Think screening for a virus vs trying to cure the virus. If warts are a symptom of the virus, having warts absolutely matters in screening. However, cutting off the warts will not remove the virus.
If a geneticist were to state that some gene or another were linked to the unibrow  would you consider this scientifically dubious? After all, in that case all they did was look at people who have unibrows and look to find characteristics that were more common to this group than others. What if that genetic indicator did show up disproportionately among all people with unibrows and was relatively less common among those without a unibrow?
 - https://www.nature.com/articles/ncomms10815
If someone was to prove such a fact (say, a gene prevalent in some ethnicity that causes propensity for fraud) would you support decision making based on the ethnicity? How about based on the presence of the gene?
Is it fair? No. Will legislation be put in place to fix it? No. The only thing that levels the playing field is .. Nevermind, let's not get into politics.
Let's imagine that being black was actually what caused black people to commit more crimes and this was scientifically proven, how does this make it less bad to discriminate against some black guy who may or may not be a criminal?
From a business perspective, correlation is a good measure and making decisions based on it is perfectly fine (if the correlation is real).
From a moral perspective, it is not OK to discriminate based on correlation or causation.
The distinction between correlation and causation matters when you are attempting to affect the outcome. For example you can't cure someone's sickle cell anemia by painting them white.
Let's say you accept the answer you've received based on your heuristic that black people will statistically commit more crimes.
If a policy was based upon this heuristic, then you would have people living in poverty that would not be subject to the same policy. This is what discrimination is about. Citizens would thus not have the same rights / opportunity.
And the only reason you are accepting this heuristic as "good enough", is because you make the assumption that "you have modelled [enough of] the variables that make up the solution space".
This is not acceptable for policy makers and should be watched for closely in a democracy.

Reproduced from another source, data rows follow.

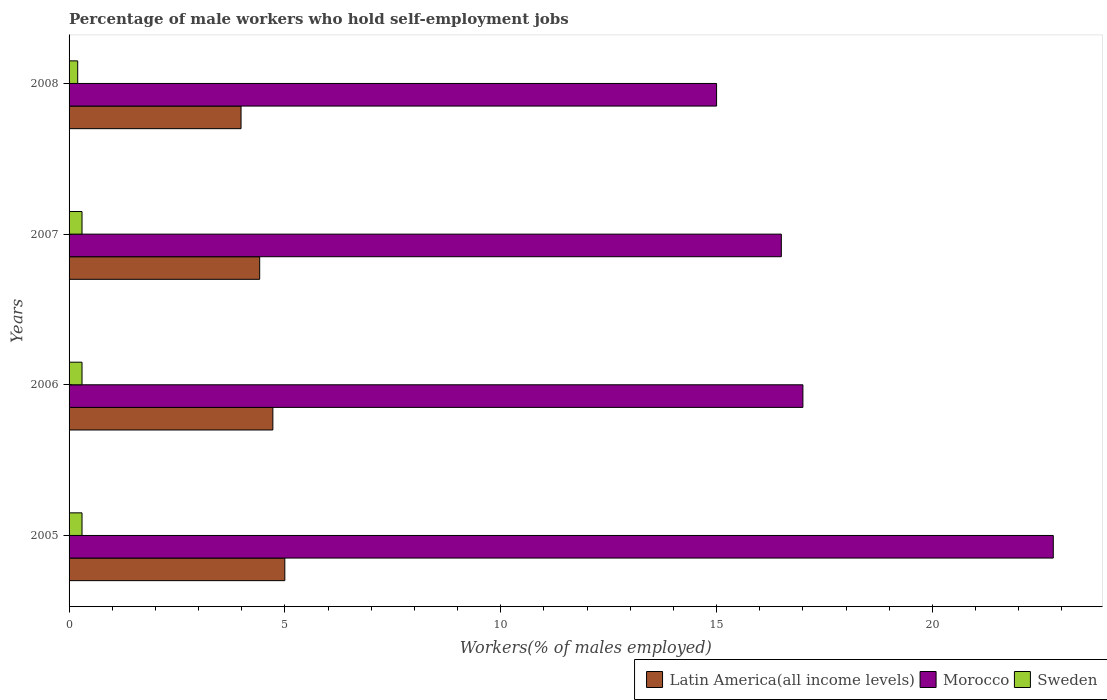How many different coloured bars are there?
Your answer should be very brief. 3. How many groups of bars are there?
Your response must be concise. 4. Are the number of bars per tick equal to the number of legend labels?
Offer a terse response. Yes. Are the number of bars on each tick of the Y-axis equal?
Offer a terse response. Yes. How many bars are there on the 4th tick from the top?
Offer a terse response. 3. How many bars are there on the 2nd tick from the bottom?
Give a very brief answer. 3. In how many cases, is the number of bars for a given year not equal to the number of legend labels?
Give a very brief answer. 0. What is the percentage of self-employed male workers in Latin America(all income levels) in 2008?
Offer a terse response. 3.98. Across all years, what is the maximum percentage of self-employed male workers in Morocco?
Make the answer very short. 22.8. Across all years, what is the minimum percentage of self-employed male workers in Sweden?
Your answer should be compact. 0.2. In which year was the percentage of self-employed male workers in Morocco minimum?
Offer a very short reply. 2008. What is the total percentage of self-employed male workers in Morocco in the graph?
Give a very brief answer. 71.3. What is the difference between the percentage of self-employed male workers in Latin America(all income levels) in 2005 and that in 2007?
Offer a very short reply. 0.58. What is the difference between the percentage of self-employed male workers in Sweden in 2008 and the percentage of self-employed male workers in Morocco in 2007?
Ensure brevity in your answer.  -16.3. What is the average percentage of self-employed male workers in Latin America(all income levels) per year?
Provide a short and direct response. 4.53. In the year 2008, what is the difference between the percentage of self-employed male workers in Morocco and percentage of self-employed male workers in Sweden?
Your answer should be very brief. 14.8. In how many years, is the percentage of self-employed male workers in Sweden greater than 8 %?
Make the answer very short. 0. What is the ratio of the percentage of self-employed male workers in Morocco in 2005 to that in 2008?
Provide a succinct answer. 1.52. What is the difference between the highest and the lowest percentage of self-employed male workers in Sweden?
Your answer should be compact. 0.1. What does the 2nd bar from the top in 2007 represents?
Offer a very short reply. Morocco. What does the 2nd bar from the bottom in 2006 represents?
Give a very brief answer. Morocco. Are all the bars in the graph horizontal?
Give a very brief answer. Yes. Does the graph contain grids?
Provide a short and direct response. No. What is the title of the graph?
Your answer should be very brief. Percentage of male workers who hold self-employment jobs. Does "Kenya" appear as one of the legend labels in the graph?
Your response must be concise. No. What is the label or title of the X-axis?
Provide a succinct answer. Workers(% of males employed). What is the label or title of the Y-axis?
Provide a short and direct response. Years. What is the Workers(% of males employed) in Latin America(all income levels) in 2005?
Offer a very short reply. 5. What is the Workers(% of males employed) of Morocco in 2005?
Keep it short and to the point. 22.8. What is the Workers(% of males employed) in Sweden in 2005?
Ensure brevity in your answer.  0.3. What is the Workers(% of males employed) in Latin America(all income levels) in 2006?
Provide a short and direct response. 4.72. What is the Workers(% of males employed) of Sweden in 2006?
Give a very brief answer. 0.3. What is the Workers(% of males employed) of Latin America(all income levels) in 2007?
Ensure brevity in your answer.  4.42. What is the Workers(% of males employed) in Sweden in 2007?
Make the answer very short. 0.3. What is the Workers(% of males employed) of Latin America(all income levels) in 2008?
Give a very brief answer. 3.98. What is the Workers(% of males employed) of Morocco in 2008?
Keep it short and to the point. 15. What is the Workers(% of males employed) in Sweden in 2008?
Keep it short and to the point. 0.2. Across all years, what is the maximum Workers(% of males employed) of Latin America(all income levels)?
Ensure brevity in your answer.  5. Across all years, what is the maximum Workers(% of males employed) in Morocco?
Keep it short and to the point. 22.8. Across all years, what is the maximum Workers(% of males employed) of Sweden?
Provide a short and direct response. 0.3. Across all years, what is the minimum Workers(% of males employed) in Latin America(all income levels)?
Provide a succinct answer. 3.98. Across all years, what is the minimum Workers(% of males employed) of Morocco?
Provide a succinct answer. 15. Across all years, what is the minimum Workers(% of males employed) of Sweden?
Offer a very short reply. 0.2. What is the total Workers(% of males employed) in Latin America(all income levels) in the graph?
Give a very brief answer. 18.12. What is the total Workers(% of males employed) of Morocco in the graph?
Your response must be concise. 71.3. What is the total Workers(% of males employed) in Sweden in the graph?
Offer a very short reply. 1.1. What is the difference between the Workers(% of males employed) in Latin America(all income levels) in 2005 and that in 2006?
Provide a short and direct response. 0.28. What is the difference between the Workers(% of males employed) in Morocco in 2005 and that in 2006?
Your response must be concise. 5.8. What is the difference between the Workers(% of males employed) in Latin America(all income levels) in 2005 and that in 2007?
Provide a short and direct response. 0.58. What is the difference between the Workers(% of males employed) in Sweden in 2005 and that in 2007?
Ensure brevity in your answer.  0. What is the difference between the Workers(% of males employed) in Latin America(all income levels) in 2005 and that in 2008?
Your answer should be compact. 1.01. What is the difference between the Workers(% of males employed) in Morocco in 2005 and that in 2008?
Provide a succinct answer. 7.8. What is the difference between the Workers(% of males employed) in Sweden in 2005 and that in 2008?
Your answer should be compact. 0.1. What is the difference between the Workers(% of males employed) of Latin America(all income levels) in 2006 and that in 2007?
Offer a terse response. 0.31. What is the difference between the Workers(% of males employed) of Sweden in 2006 and that in 2007?
Provide a short and direct response. 0. What is the difference between the Workers(% of males employed) of Latin America(all income levels) in 2006 and that in 2008?
Your answer should be very brief. 0.74. What is the difference between the Workers(% of males employed) in Latin America(all income levels) in 2007 and that in 2008?
Give a very brief answer. 0.43. What is the difference between the Workers(% of males employed) of Latin America(all income levels) in 2005 and the Workers(% of males employed) of Morocco in 2006?
Provide a succinct answer. -12. What is the difference between the Workers(% of males employed) in Latin America(all income levels) in 2005 and the Workers(% of males employed) in Sweden in 2006?
Keep it short and to the point. 4.7. What is the difference between the Workers(% of males employed) of Latin America(all income levels) in 2005 and the Workers(% of males employed) of Morocco in 2007?
Ensure brevity in your answer.  -11.5. What is the difference between the Workers(% of males employed) of Latin America(all income levels) in 2005 and the Workers(% of males employed) of Sweden in 2007?
Give a very brief answer. 4.7. What is the difference between the Workers(% of males employed) in Morocco in 2005 and the Workers(% of males employed) in Sweden in 2007?
Ensure brevity in your answer.  22.5. What is the difference between the Workers(% of males employed) in Latin America(all income levels) in 2005 and the Workers(% of males employed) in Morocco in 2008?
Make the answer very short. -10. What is the difference between the Workers(% of males employed) of Latin America(all income levels) in 2005 and the Workers(% of males employed) of Sweden in 2008?
Make the answer very short. 4.8. What is the difference between the Workers(% of males employed) in Morocco in 2005 and the Workers(% of males employed) in Sweden in 2008?
Keep it short and to the point. 22.6. What is the difference between the Workers(% of males employed) of Latin America(all income levels) in 2006 and the Workers(% of males employed) of Morocco in 2007?
Ensure brevity in your answer.  -11.78. What is the difference between the Workers(% of males employed) of Latin America(all income levels) in 2006 and the Workers(% of males employed) of Sweden in 2007?
Your answer should be very brief. 4.42. What is the difference between the Workers(% of males employed) in Morocco in 2006 and the Workers(% of males employed) in Sweden in 2007?
Give a very brief answer. 16.7. What is the difference between the Workers(% of males employed) of Latin America(all income levels) in 2006 and the Workers(% of males employed) of Morocco in 2008?
Your answer should be very brief. -10.28. What is the difference between the Workers(% of males employed) of Latin America(all income levels) in 2006 and the Workers(% of males employed) of Sweden in 2008?
Keep it short and to the point. 4.52. What is the difference between the Workers(% of males employed) of Morocco in 2006 and the Workers(% of males employed) of Sweden in 2008?
Your response must be concise. 16.8. What is the difference between the Workers(% of males employed) of Latin America(all income levels) in 2007 and the Workers(% of males employed) of Morocco in 2008?
Your answer should be compact. -10.58. What is the difference between the Workers(% of males employed) of Latin America(all income levels) in 2007 and the Workers(% of males employed) of Sweden in 2008?
Offer a terse response. 4.22. What is the difference between the Workers(% of males employed) of Morocco in 2007 and the Workers(% of males employed) of Sweden in 2008?
Keep it short and to the point. 16.3. What is the average Workers(% of males employed) of Latin America(all income levels) per year?
Ensure brevity in your answer.  4.53. What is the average Workers(% of males employed) of Morocco per year?
Offer a terse response. 17.82. What is the average Workers(% of males employed) in Sweden per year?
Keep it short and to the point. 0.28. In the year 2005, what is the difference between the Workers(% of males employed) of Latin America(all income levels) and Workers(% of males employed) of Morocco?
Make the answer very short. -17.8. In the year 2005, what is the difference between the Workers(% of males employed) of Latin America(all income levels) and Workers(% of males employed) of Sweden?
Offer a terse response. 4.7. In the year 2005, what is the difference between the Workers(% of males employed) of Morocco and Workers(% of males employed) of Sweden?
Provide a succinct answer. 22.5. In the year 2006, what is the difference between the Workers(% of males employed) of Latin America(all income levels) and Workers(% of males employed) of Morocco?
Your answer should be very brief. -12.28. In the year 2006, what is the difference between the Workers(% of males employed) in Latin America(all income levels) and Workers(% of males employed) in Sweden?
Offer a very short reply. 4.42. In the year 2007, what is the difference between the Workers(% of males employed) in Latin America(all income levels) and Workers(% of males employed) in Morocco?
Provide a short and direct response. -12.08. In the year 2007, what is the difference between the Workers(% of males employed) of Latin America(all income levels) and Workers(% of males employed) of Sweden?
Make the answer very short. 4.12. In the year 2007, what is the difference between the Workers(% of males employed) in Morocco and Workers(% of males employed) in Sweden?
Your answer should be very brief. 16.2. In the year 2008, what is the difference between the Workers(% of males employed) of Latin America(all income levels) and Workers(% of males employed) of Morocco?
Make the answer very short. -11.02. In the year 2008, what is the difference between the Workers(% of males employed) of Latin America(all income levels) and Workers(% of males employed) of Sweden?
Give a very brief answer. 3.78. What is the ratio of the Workers(% of males employed) in Latin America(all income levels) in 2005 to that in 2006?
Give a very brief answer. 1.06. What is the ratio of the Workers(% of males employed) of Morocco in 2005 to that in 2006?
Ensure brevity in your answer.  1.34. What is the ratio of the Workers(% of males employed) in Latin America(all income levels) in 2005 to that in 2007?
Make the answer very short. 1.13. What is the ratio of the Workers(% of males employed) in Morocco in 2005 to that in 2007?
Ensure brevity in your answer.  1.38. What is the ratio of the Workers(% of males employed) in Latin America(all income levels) in 2005 to that in 2008?
Keep it short and to the point. 1.25. What is the ratio of the Workers(% of males employed) of Morocco in 2005 to that in 2008?
Provide a short and direct response. 1.52. What is the ratio of the Workers(% of males employed) of Sweden in 2005 to that in 2008?
Give a very brief answer. 1.5. What is the ratio of the Workers(% of males employed) of Latin America(all income levels) in 2006 to that in 2007?
Keep it short and to the point. 1.07. What is the ratio of the Workers(% of males employed) in Morocco in 2006 to that in 2007?
Offer a terse response. 1.03. What is the ratio of the Workers(% of males employed) in Latin America(all income levels) in 2006 to that in 2008?
Give a very brief answer. 1.18. What is the ratio of the Workers(% of males employed) of Morocco in 2006 to that in 2008?
Your response must be concise. 1.13. What is the ratio of the Workers(% of males employed) in Sweden in 2006 to that in 2008?
Your answer should be very brief. 1.5. What is the ratio of the Workers(% of males employed) in Latin America(all income levels) in 2007 to that in 2008?
Give a very brief answer. 1.11. What is the difference between the highest and the second highest Workers(% of males employed) of Latin America(all income levels)?
Offer a terse response. 0.28. What is the difference between the highest and the second highest Workers(% of males employed) of Morocco?
Your response must be concise. 5.8. What is the difference between the highest and the second highest Workers(% of males employed) of Sweden?
Keep it short and to the point. 0. What is the difference between the highest and the lowest Workers(% of males employed) of Latin America(all income levels)?
Your answer should be very brief. 1.01. What is the difference between the highest and the lowest Workers(% of males employed) in Morocco?
Offer a terse response. 7.8.

> and this was scientifically proven
which renders moot any discussion as you simply did not use the same assumptions. The discussion was about specialist decision systems using correlation as a heuristic for causation. You cannot explore the merit (or shortfalls) of this common practice and its possible effect on policy-making when positing that causation has been proven. This is nonsense.
Have a good day.
And the discussion was NOT about systems using correlation as a heuristic for causation. If a company filters users based on something, only correlation matters for their purposes. Believing correlation is only useful as a heuristic for causation is ignorant. For some purposes, correlation matters. For some purposes, the root cause matters. Not everything is the same.

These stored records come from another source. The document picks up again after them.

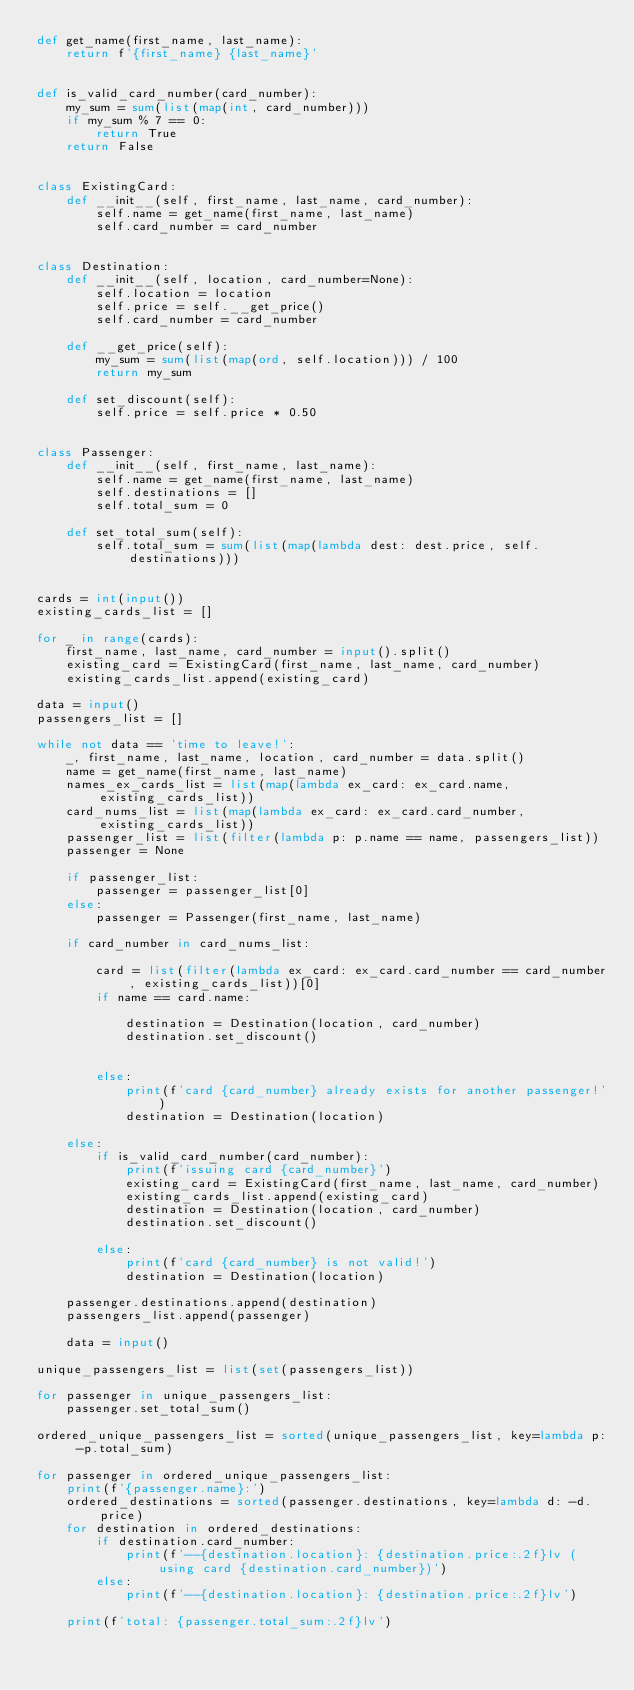Convert code to text. <code><loc_0><loc_0><loc_500><loc_500><_Python_>def get_name(first_name, last_name):
    return f'{first_name} {last_name}'


def is_valid_card_number(card_number):
    my_sum = sum(list(map(int, card_number)))
    if my_sum % 7 == 0:
        return True
    return False


class ExistingCard:
    def __init__(self, first_name, last_name, card_number):
        self.name = get_name(first_name, last_name)
        self.card_number = card_number


class Destination:
    def __init__(self, location, card_number=None):
        self.location = location
        self.price = self.__get_price()
        self.card_number = card_number

    def __get_price(self):
        my_sum = sum(list(map(ord, self.location))) / 100
        return my_sum

    def set_discount(self):
        self.price = self.price * 0.50


class Passenger:
    def __init__(self, first_name, last_name):
        self.name = get_name(first_name, last_name)
        self.destinations = []
        self.total_sum = 0

    def set_total_sum(self):
        self.total_sum = sum(list(map(lambda dest: dest.price, self.destinations)))


cards = int(input())
existing_cards_list = []

for _ in range(cards):
    first_name, last_name, card_number = input().split()
    existing_card = ExistingCard(first_name, last_name, card_number)
    existing_cards_list.append(existing_card)

data = input()
passengers_list = []

while not data == 'time to leave!':
    _, first_name, last_name, location, card_number = data.split()
    name = get_name(first_name, last_name)
    names_ex_cards_list = list(map(lambda ex_card: ex_card.name, existing_cards_list))
    card_nums_list = list(map(lambda ex_card: ex_card.card_number, existing_cards_list))
    passenger_list = list(filter(lambda p: p.name == name, passengers_list))
    passenger = None

    if passenger_list:
        passenger = passenger_list[0]
    else:
        passenger = Passenger(first_name, last_name)

    if card_number in card_nums_list:

        card = list(filter(lambda ex_card: ex_card.card_number == card_number, existing_cards_list))[0]
        if name == card.name:

            destination = Destination(location, card_number)
            destination.set_discount()


        else:
            print(f'card {card_number} already exists for another passenger!')
            destination = Destination(location)

    else:
        if is_valid_card_number(card_number):
            print(f'issuing card {card_number}')
            existing_card = ExistingCard(first_name, last_name, card_number)
            existing_cards_list.append(existing_card)
            destination = Destination(location, card_number)
            destination.set_discount()

        else:
            print(f'card {card_number} is not valid!')
            destination = Destination(location)

    passenger.destinations.append(destination)
    passengers_list.append(passenger)

    data = input()

unique_passengers_list = list(set(passengers_list))

for passenger in unique_passengers_list:
    passenger.set_total_sum()

ordered_unique_passengers_list = sorted(unique_passengers_list, key=lambda p: -p.total_sum)

for passenger in ordered_unique_passengers_list:
    print(f'{passenger.name}:')
    ordered_destinations = sorted(passenger.destinations, key=lambda d: -d.price)
    for destination in ordered_destinations:
        if destination.card_number:
            print(f'--{destination.location}: {destination.price:.2f}lv (using card {destination.card_number})')
        else:
            print(f'--{destination.location}: {destination.price:.2f}lv')

    print(f'total: {passenger.total_sum:.2f}lv')</code>

Whether or not ethnicity is a causal factor is irrelevant. Even if it is a causal factor, it is still an injustice to act on it.
And if you didn't care about justice and just wanted to achieve an optimal prediction, whether or not it's a causal factor doesn't actually matter. Probability theory does not require a causal link.
"If it is rainy then it is cloudy." Is a valid inference despite the fact that rain does not cause clouds.
It is not, at least locally (because sunshowers happen.)
That's not how the scientific method works.
Actuarial analysis for insurance to exercise a privilege (i.e. driving) is not something that needs to be more heavily regulated. This is not health care/insurance, food, housing, or other critical necessities.
Correlation is a core part of actuarial science. You'd actually destroy the insurance business if you regulated that into nonexistence as you desire.